6.    Notices.    All notices and other communications under this Restricted Share Agreement shall be in writing and shall be given by facsimile or first class mail, certified or registered with return receipt requested, and shall be deemed to have been duly given three days after mailing or 24 hours after transmission by facsimile to the respective parties, as follows: (i) if to the Company, at Brookdale Senior Living Inc., 111 Westwood Place, Suite 200, Brentwood, TN 37027, Facsimile: (615) 564-8204, Attn: General Counsel and (ii) if to the Participant, using the contact information on file with the Company. Either party hereto may change such party’s address for notices by notice duly given pursuant hereto.

7.    Securities Laws Requirements.    The Company shall not be obligated to transfer any Common Stock to the Participant free of the restrictive legend described in Section 4 hereof or of any other restrictive legend, if such transfer, in the opinion of counsel for the Company, would violate the Securities Act of 1933, as amended (the ‘‘Securities Act’’) (or any other federal or state statutes having similar requirements as may be in effect at that time).

8.    No Obligation to Register.    The Company shall be under no obligation to register the Restricted Shares pursuant to the Securities Act or any other federal or state securities laws.

9.    Protections Against Violations of Agreement.    No purported sale, assignment, mortgage, hypothecation, transfer, pledge, encumbrance, gift, transfer in trust (voting or other) or other disposition of, or creation of a security interest in or lien on, any of the Restricted Shares by any holder thereof in violation of the provisions of this Restricted Share Agreement will be valid, and the Company will not transfer any of said Restricted Shares on its books nor will any of such Restricted Shares be entitled to vote, nor will any distributions be paid thereon, unless and until there has been full compliance with said provisions to the satisfaction of the Company. The foregoing restrictions are in addition to and not in lieu of any other remedies, legal or equitable, available to enforce said provisions.

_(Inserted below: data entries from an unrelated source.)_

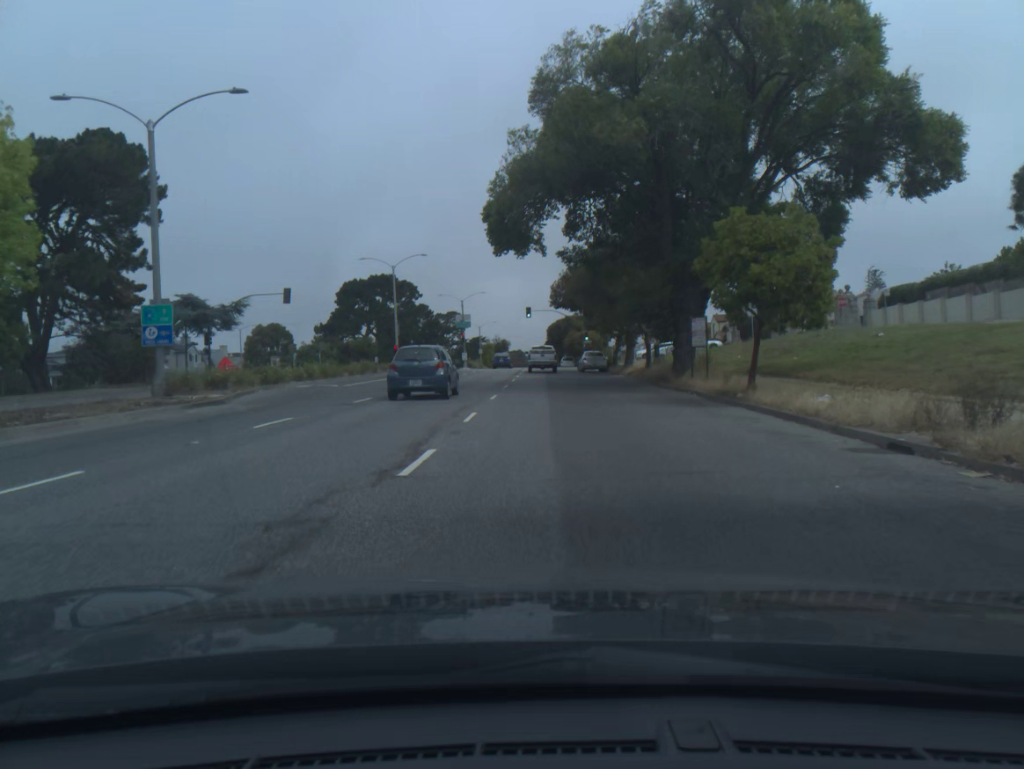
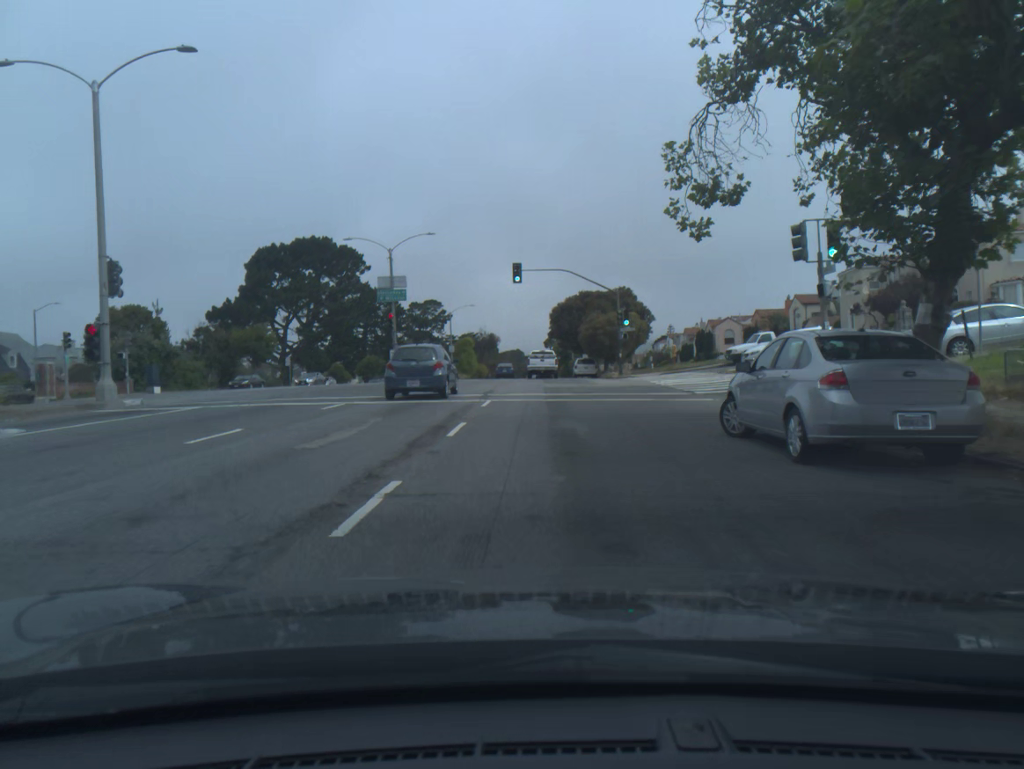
(+0.1, +45.4) m; 0°
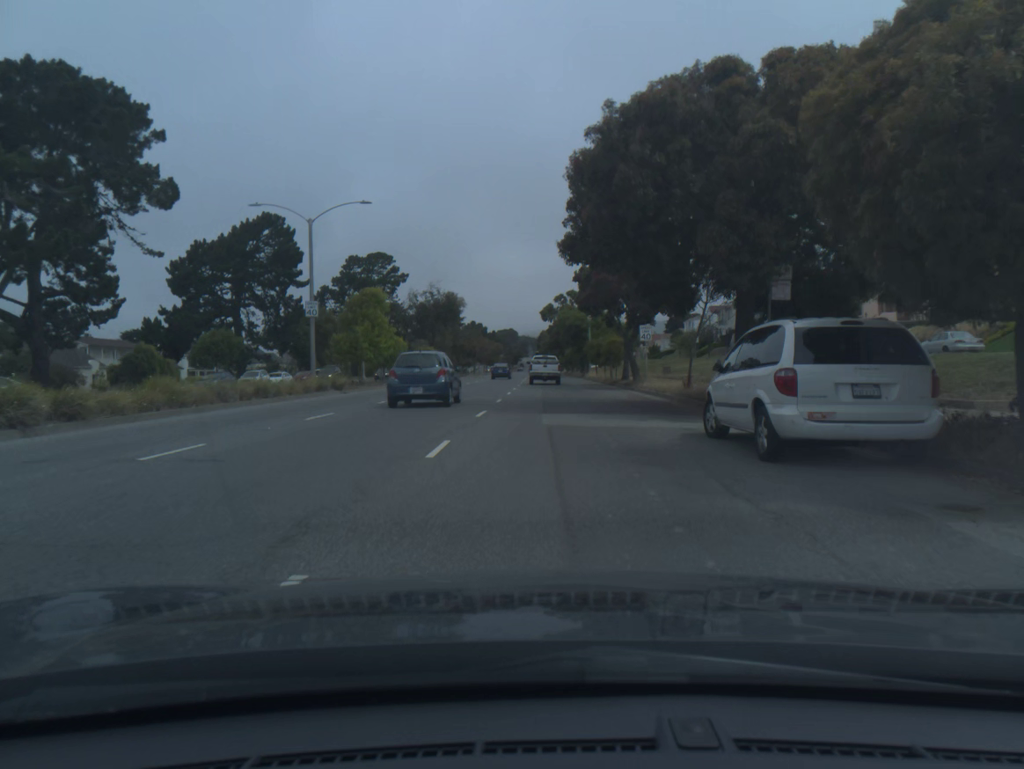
(+0.1, +55.6) m; 0°
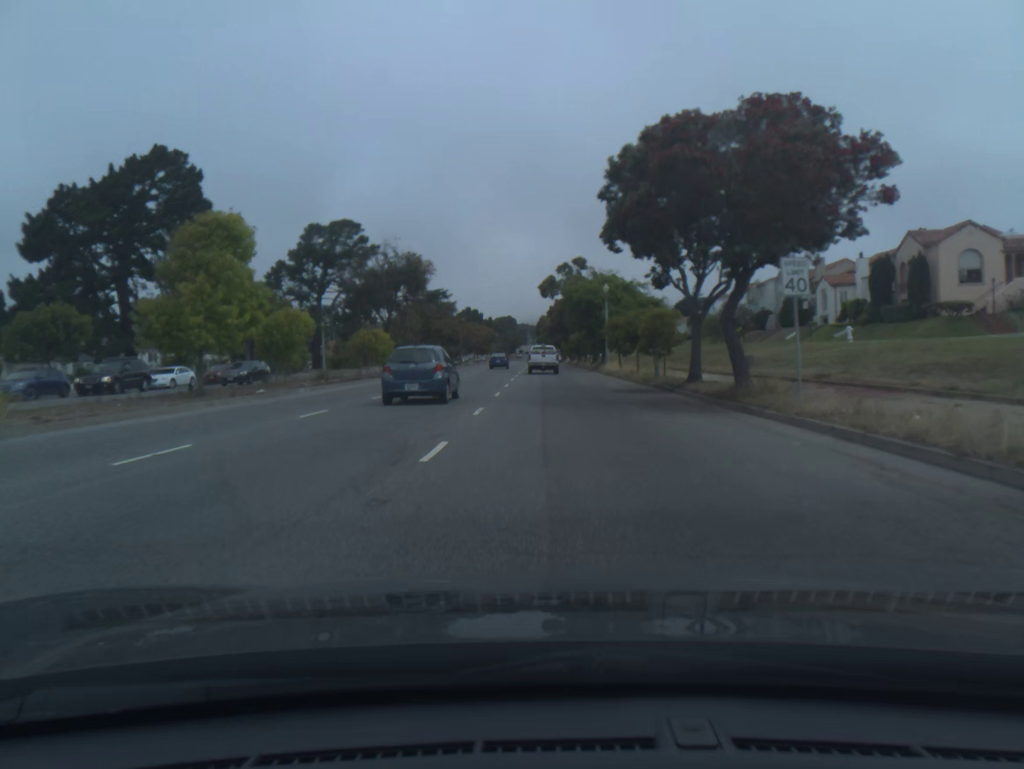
(0.0, +22.3) m; 0°
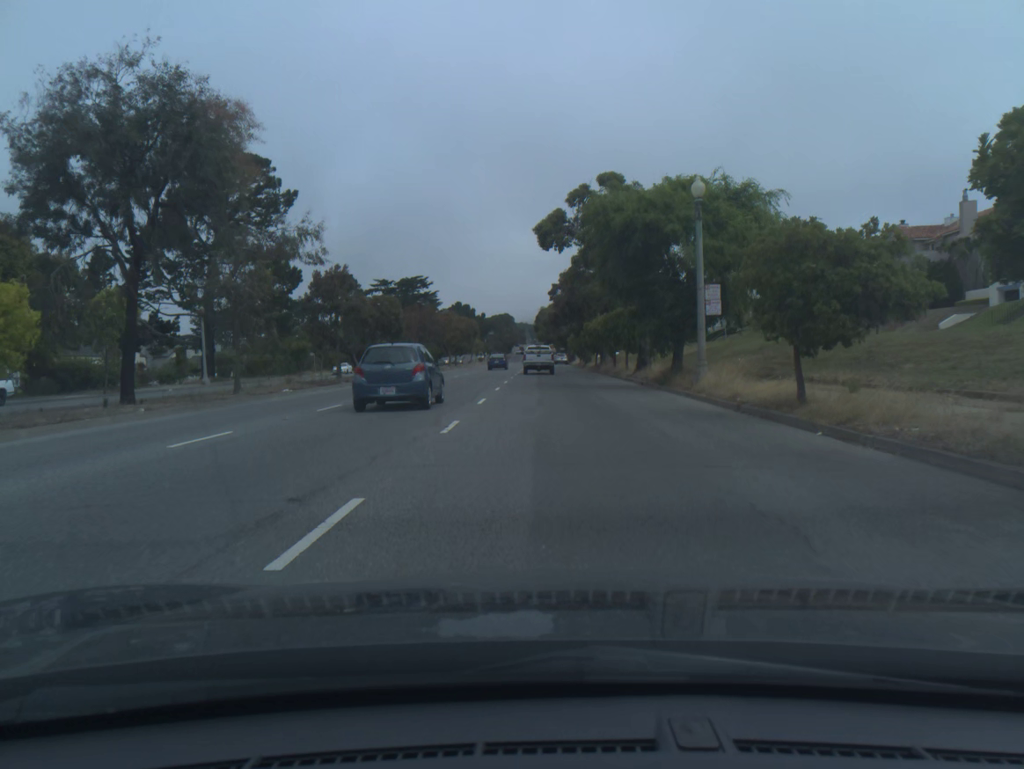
(+0.1, +34.3) m; 0°
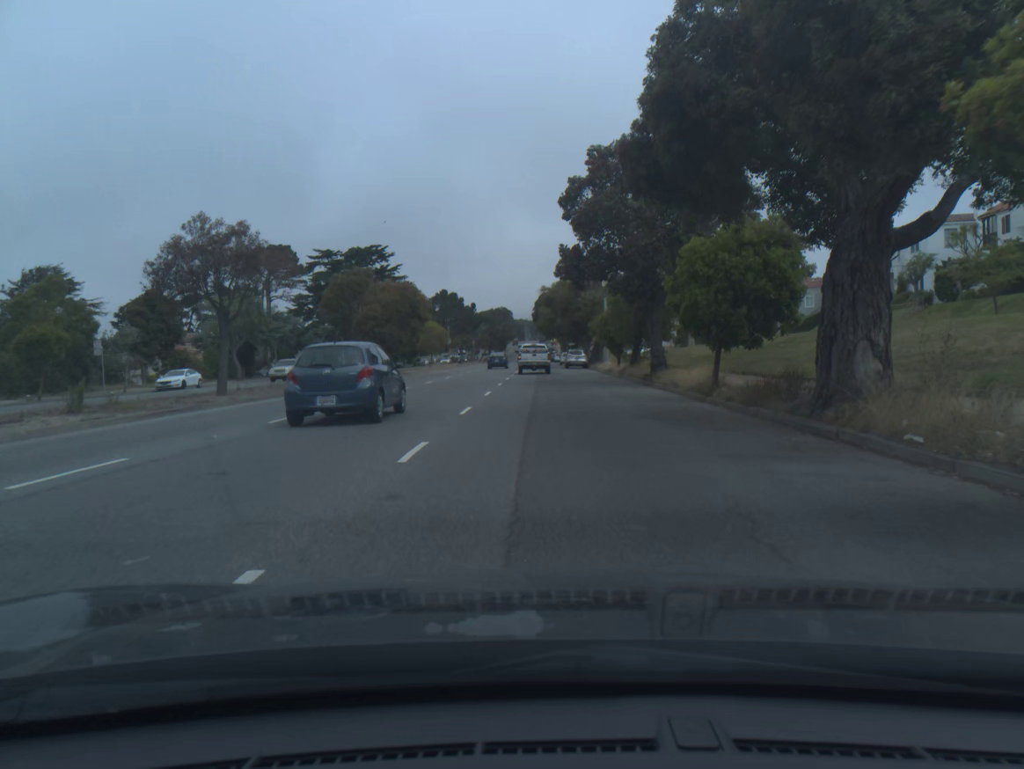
(0.0, +46.7) m; 0°
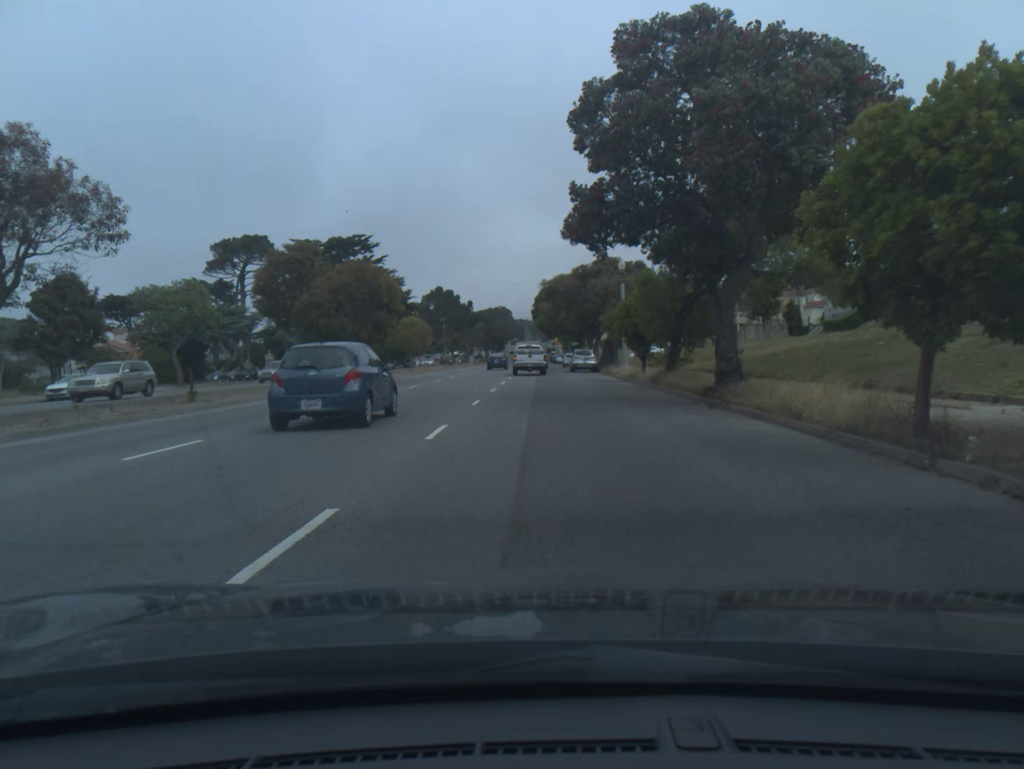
(0.0, +11.8) m; 0°

10.    Taxes.    The Participant shall pay to the Company promptly upon request, and in any event at the time the Participant recognizes taxable income with respect to the Restricted Shares (or, if the Participant makes an election under Section 83(b) of the Code in connection with such grant), an amount equal to the taxes the Company determines it is required to withhold under applicable tax laws with respect to the Restricted Shares. The Participant may satisfy the foregoing requirement by making a payment to the Company in cash or, with the approval of the Administrator, in it sole discretion, by delivering already owned unrestricted shares of Common Stock, in each case, having a value equal to the minimum amount of tax required to be withheld. Such shares of Common Stock shall be valued at their Fair Market Value on the date as of which the amount of tax to be withheld is determined. Fractional share amounts shall be settled in cash. The Participant shall promptly notify the Company of any election made pursuant to Section 83(b) of the Code. A form of such election is attached hereto as Exhibit B.

THE PARTICIPANT ACKNOWLEDGES THAT IT IS THE PARTICIPANT’S SOLE RESPONSIBILITY AND NOT THE COMPANY’S TO FILE TIMELY THE ELECTION UNDER SECTION 83(b) OF THE CODE, EVEN IF THE PARTICIPANT REQUESTS THE COMPANY OR ITS REPRESENTATIVE TO MAKE THIS FILING ON THE PARTICIPANT’S BEHALF.

The Participant acknowledges that the tax laws and regulations applicable to the Restricted Shares and the disposition of the Restricted Shares following vesting are complex and subject to change.

11.    Failure to Enforce Not a Waiver.    The failure of the Company to enforce at any time any provision of this Restricted Share Agreement shall in no way be construed to be a waiver of such provision or of any other provision hereof.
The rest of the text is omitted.